- [What you are asked to do]
Return all lines of the listing below that carry the word "each".

- [Data under study]
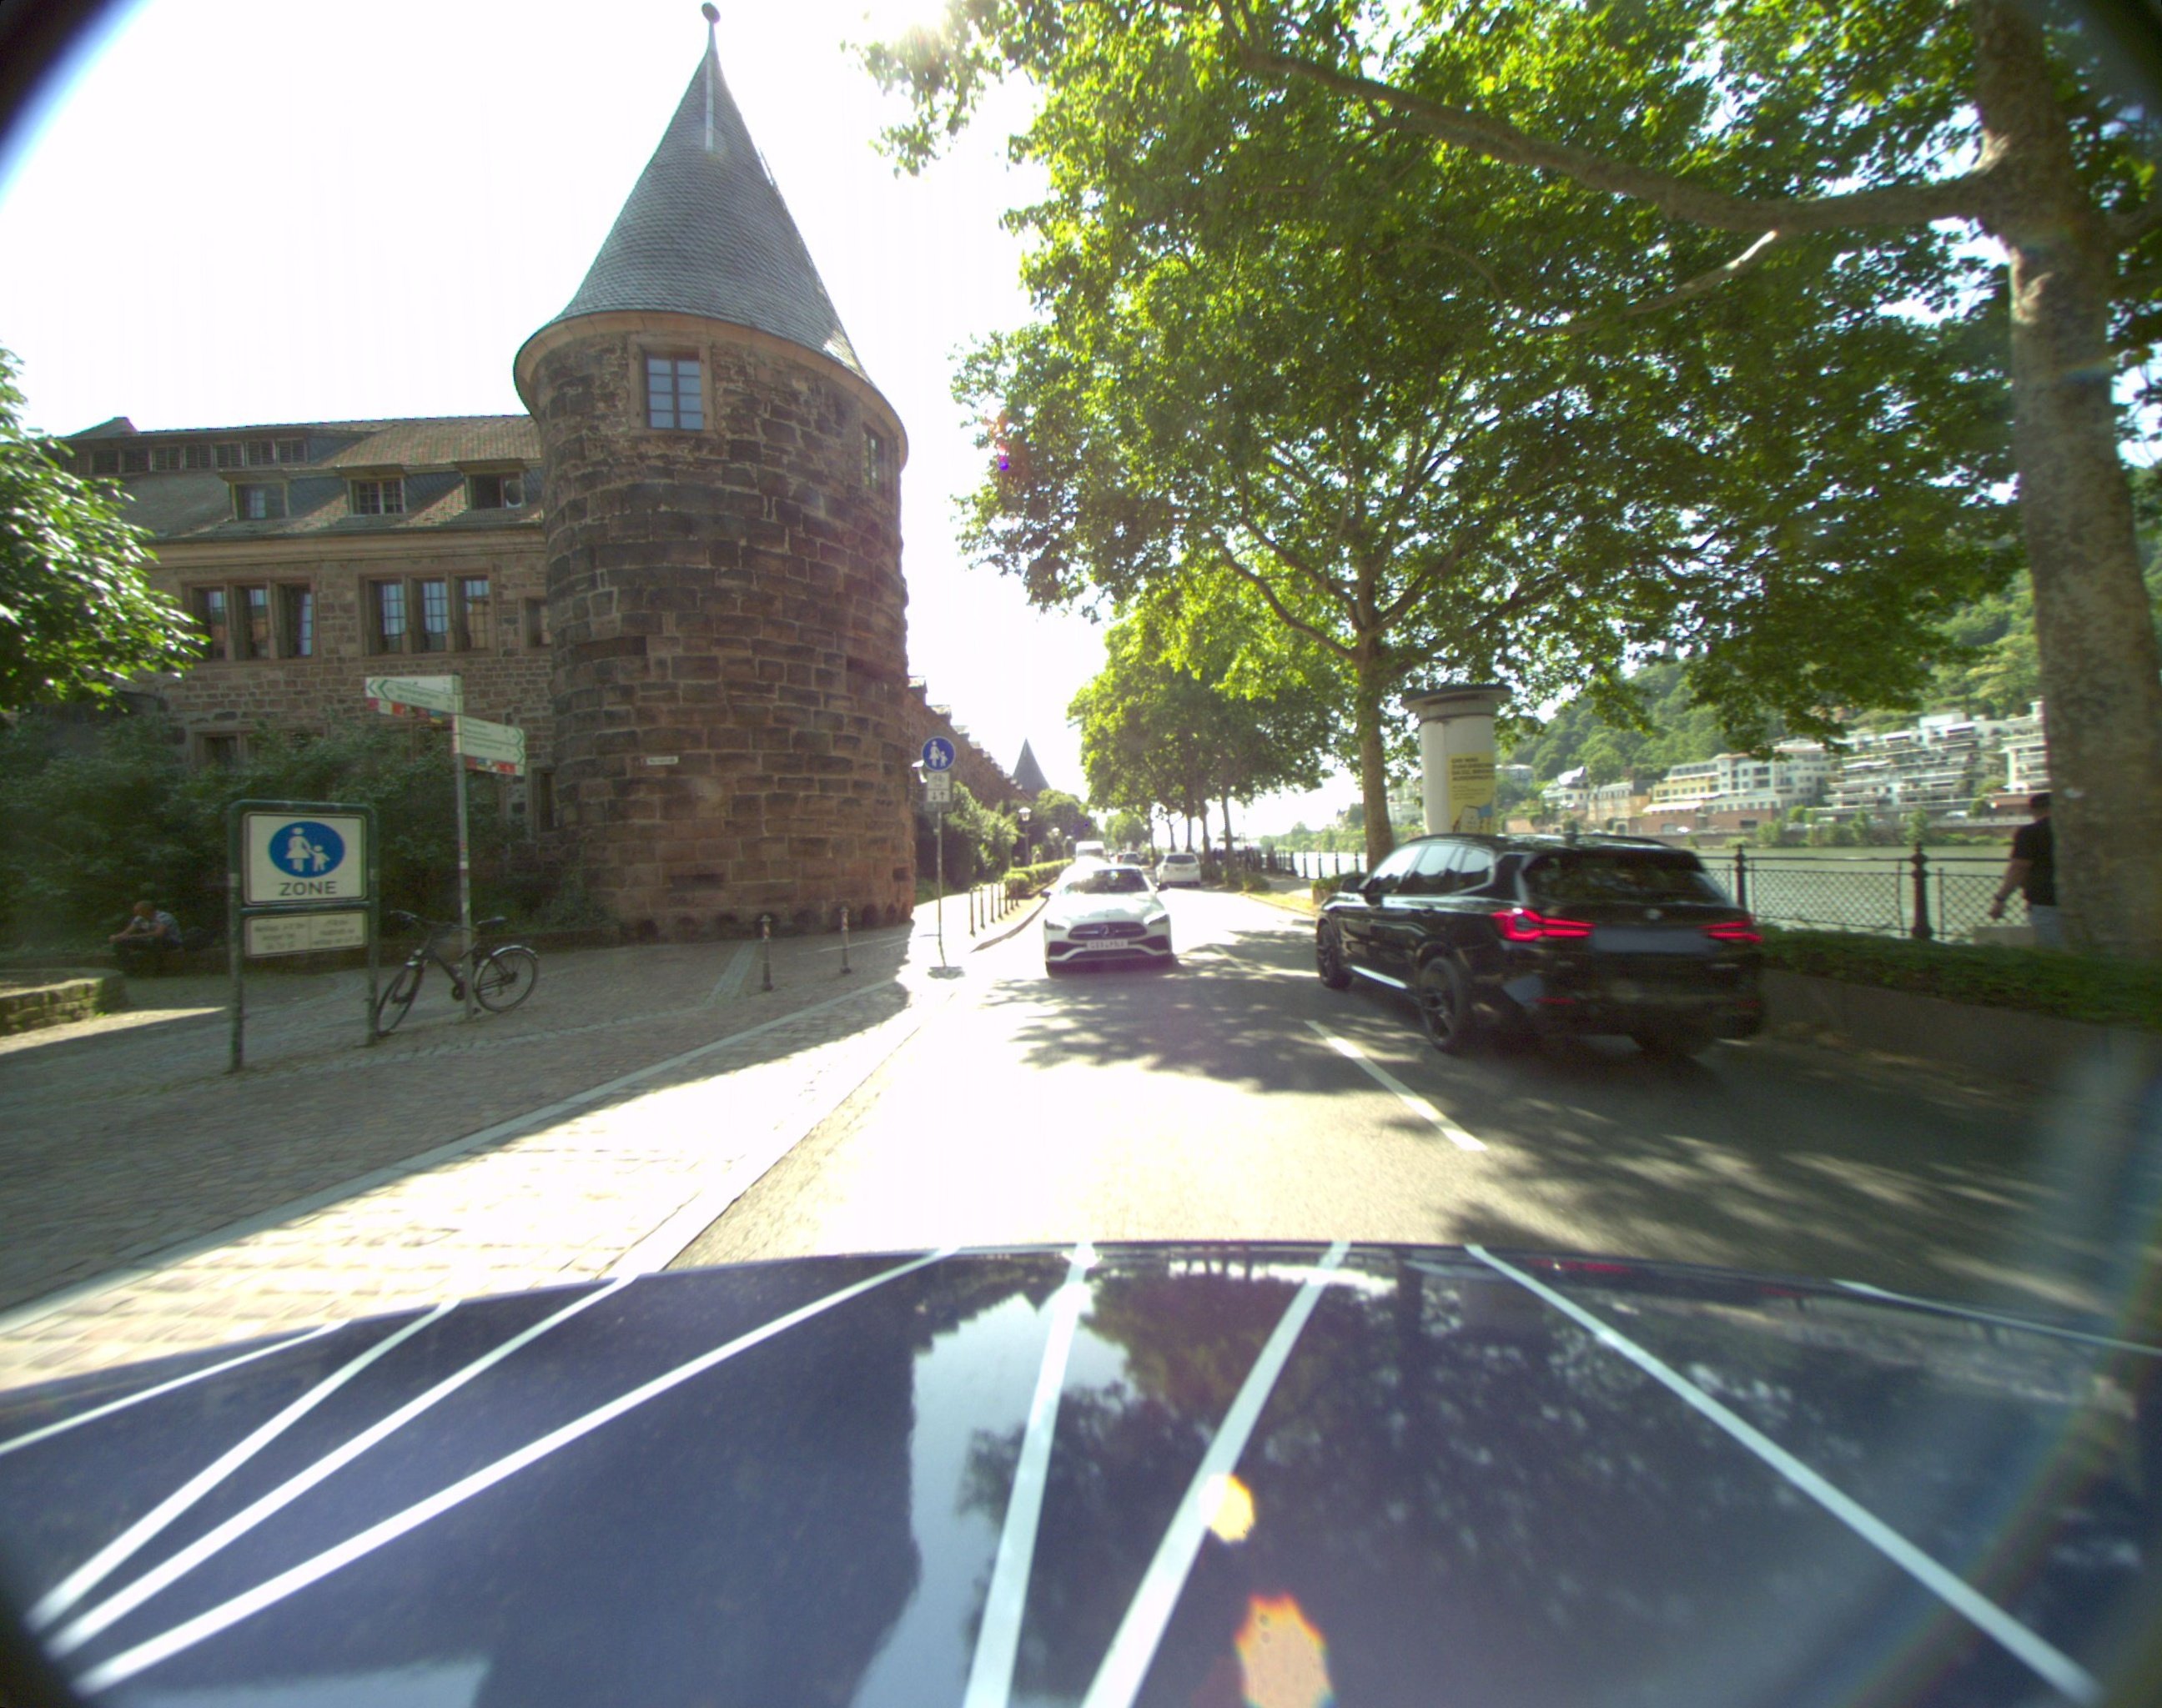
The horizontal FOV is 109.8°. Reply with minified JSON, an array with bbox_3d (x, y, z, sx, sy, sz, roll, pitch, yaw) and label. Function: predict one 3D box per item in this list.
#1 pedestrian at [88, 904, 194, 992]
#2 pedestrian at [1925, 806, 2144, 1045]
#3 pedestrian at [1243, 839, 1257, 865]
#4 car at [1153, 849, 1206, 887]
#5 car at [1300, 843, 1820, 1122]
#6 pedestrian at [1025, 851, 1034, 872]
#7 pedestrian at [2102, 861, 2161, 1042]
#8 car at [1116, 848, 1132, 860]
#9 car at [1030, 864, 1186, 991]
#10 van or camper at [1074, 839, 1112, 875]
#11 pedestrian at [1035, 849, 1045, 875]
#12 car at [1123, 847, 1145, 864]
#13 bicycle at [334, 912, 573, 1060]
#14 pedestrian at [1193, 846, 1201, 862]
[{"bbox_3d":[-14.470,1.422,11.721,0.667,1.224,0.781,-3,1,-19],"label":"pedestrian"},{"bbox_3d":[7.345,0.519,5.892,0.760,1.720,0.730,-2,1,1],"label":"pedestrian"},{"bbox_3d":[11.535,-0.142,51.789,0.760,1.697,0.730,-2,1,1],"label":"pedestrian"},{"bbox_3d":[4.584,0.619,35.935,1.998,1.598,4.257,-2,1,1],"label":"car"},{"bbox_3d":[3.561,0.792,6.945,1.875,1.661,4.745,-1,0,2],"label":"car"},{"bbox_3d":[-4.074,0.589,60.259,0.592,1.662,0.441,-2,1,1],"label":"pedestrian"},{"bbox_3d":[8.263,0.721,5.632,0.633,1.312,0.553,-2,1,1],"label":"pedestrian"},{"bbox_3d":[5.882,-0.015,104.318,1.998,1.598,4.257,-2,1,1],"label":"car"},{"bbox_3d":[0.364,0.934,11.652,1.875,1.416,4.744,-1,1,1],"label":"car"},{"bbox_3d":[0.807,0.170,53.551,2.437,2.271,6.203,-2,1,1],"label":"van or camper"},{"bbox_3d":[-2.966,0.560,55.406,0.556,1.844,1.023,-2,1,1],"label":"pedestrian"},{"bbox_3d":[5.442,0.110,78.540,1.998,1.598,4.257,-2,1,1],"label":"car"},{"bbox_3d":[-6.284,1.265,7.785,0.845,1.146,1.844,-2,1,1],"label":"bicycle"},{"bbox_3d":[12.308,0.000,80.758,0.760,1.697,0.730,-1,1,3],"label":"pedestrian"}]
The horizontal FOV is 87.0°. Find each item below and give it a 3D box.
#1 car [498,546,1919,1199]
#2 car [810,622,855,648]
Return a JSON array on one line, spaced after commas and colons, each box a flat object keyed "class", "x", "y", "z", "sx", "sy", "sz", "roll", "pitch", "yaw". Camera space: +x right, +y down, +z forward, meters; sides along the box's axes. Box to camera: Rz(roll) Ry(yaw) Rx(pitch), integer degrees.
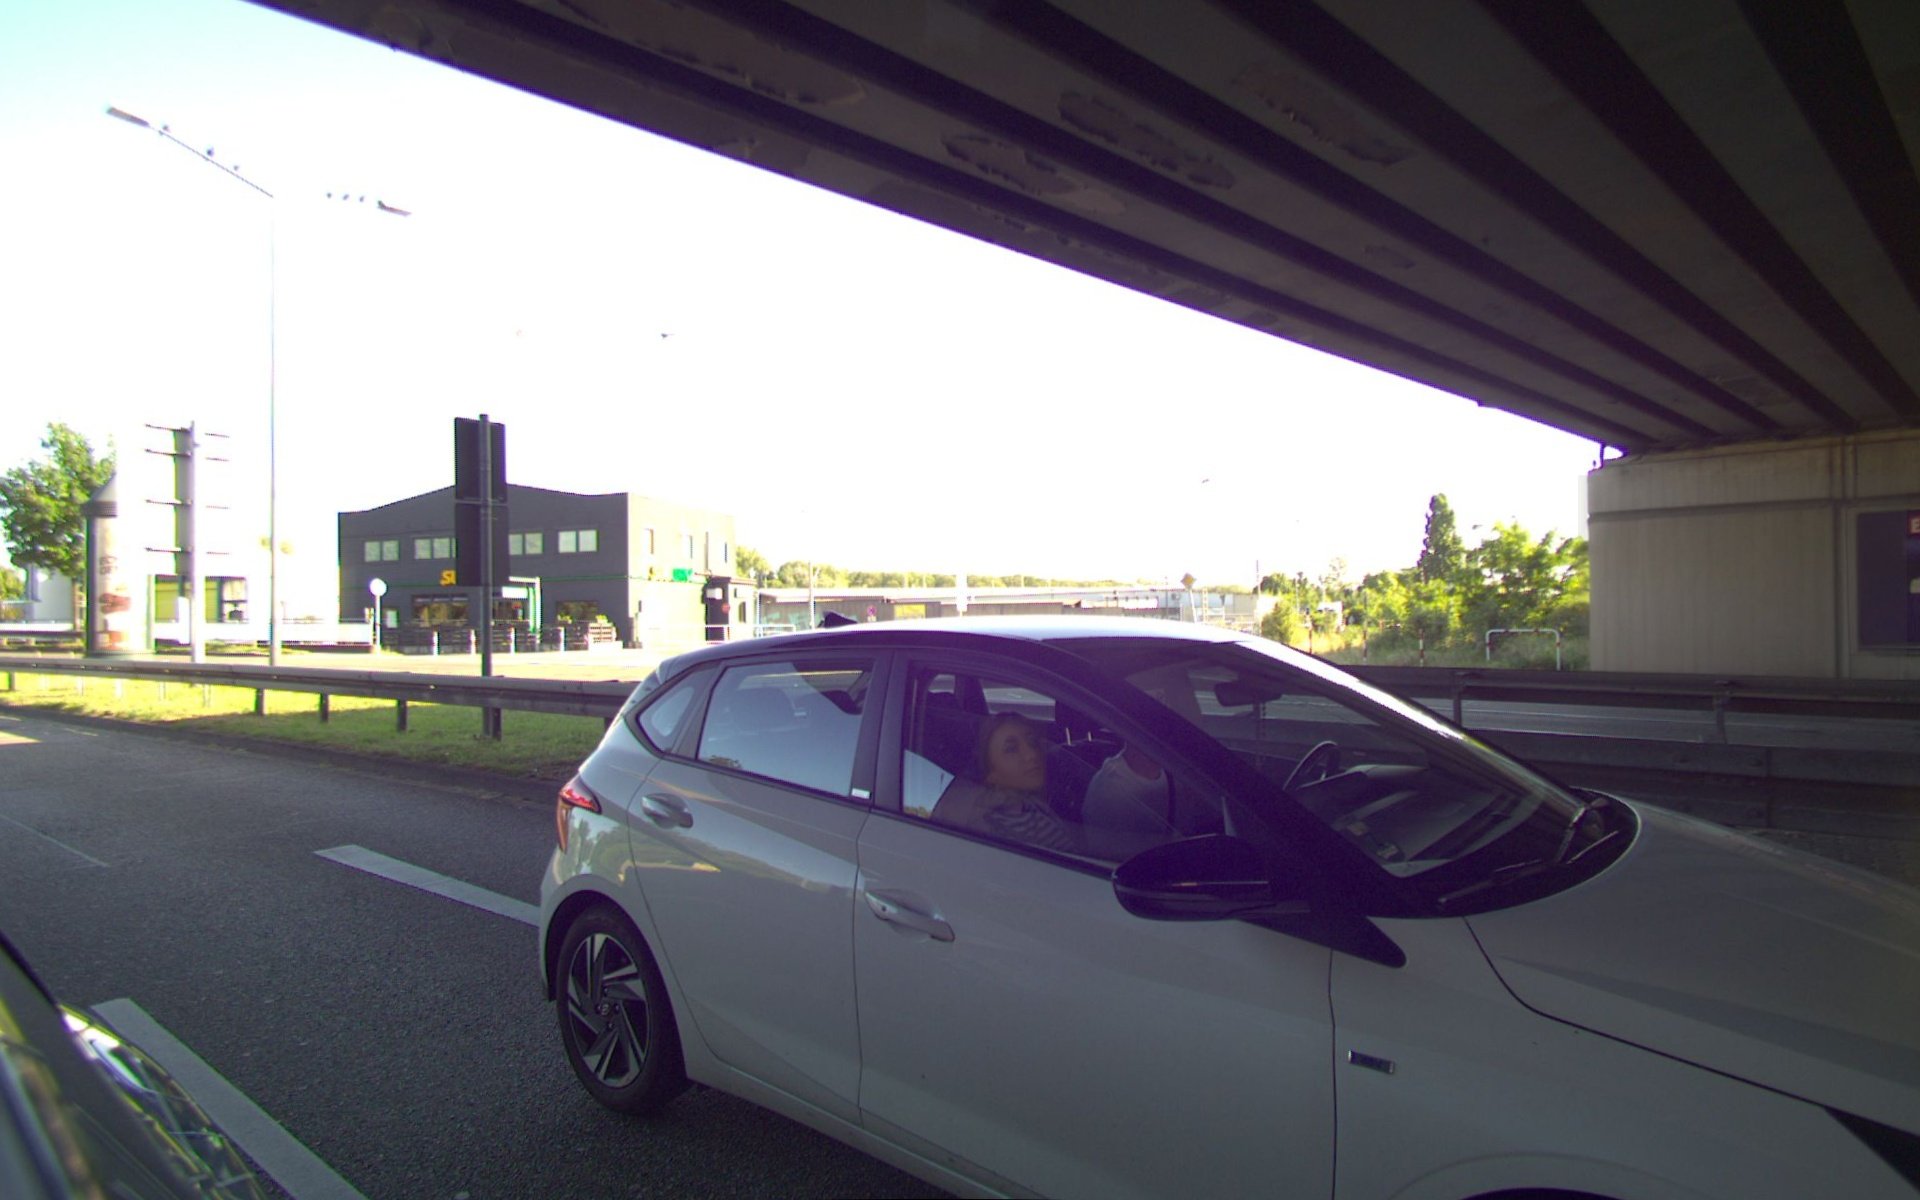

- [Solution below]
The horizontal FOV is 87.0°. Find each item below and give it a 3D box.
Return a JSON array on one line, spaced after commas and colons, each box a flat object keyed "class", "x", "y", "z", "sx", "sy", "sz", "roll", "pitch", "yaw". Camera space: +x right, +y down, +z forward, meters; sides along the box's axes. Box to camera: Rz(roll) Ry(yaw) Rx(pitch), integer degrees.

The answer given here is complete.